## [Your objective]
Line by line, write out the material exactly.
<<<<
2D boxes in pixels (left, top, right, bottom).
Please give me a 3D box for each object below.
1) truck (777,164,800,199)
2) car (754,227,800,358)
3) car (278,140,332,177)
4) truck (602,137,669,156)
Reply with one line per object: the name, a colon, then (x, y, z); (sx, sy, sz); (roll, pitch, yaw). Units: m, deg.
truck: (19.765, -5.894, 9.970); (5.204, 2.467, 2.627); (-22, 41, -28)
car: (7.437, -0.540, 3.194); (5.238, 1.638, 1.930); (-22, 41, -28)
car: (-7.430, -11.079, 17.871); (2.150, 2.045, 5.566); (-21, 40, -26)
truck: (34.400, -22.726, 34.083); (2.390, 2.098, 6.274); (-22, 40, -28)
>>>>
## [Response for this exercise]
2D boxes in pixels (left, top, right, bottom).
Please give me a 3D box for each object below.
1) truck (777,164,800,199)
2) car (754,227,800,358)
3) car (278,140,332,177)
4) truck (602,137,669,156)
Reply with one line per object: the name, a colon, then (x, y, z); (sx, sy, sz); (roll, pitch, yaw). Units: m, deg.
truck: (19.765, -5.894, 9.970); (5.204, 2.467, 2.627); (-22, 41, -28)
car: (7.437, -0.540, 3.194); (5.238, 1.638, 1.930); (-22, 41, -28)
car: (-7.430, -11.079, 17.871); (2.150, 2.045, 5.566); (-21, 40, -26)
truck: (34.400, -22.726, 34.083); (2.390, 2.098, 6.274); (-22, 40, -28)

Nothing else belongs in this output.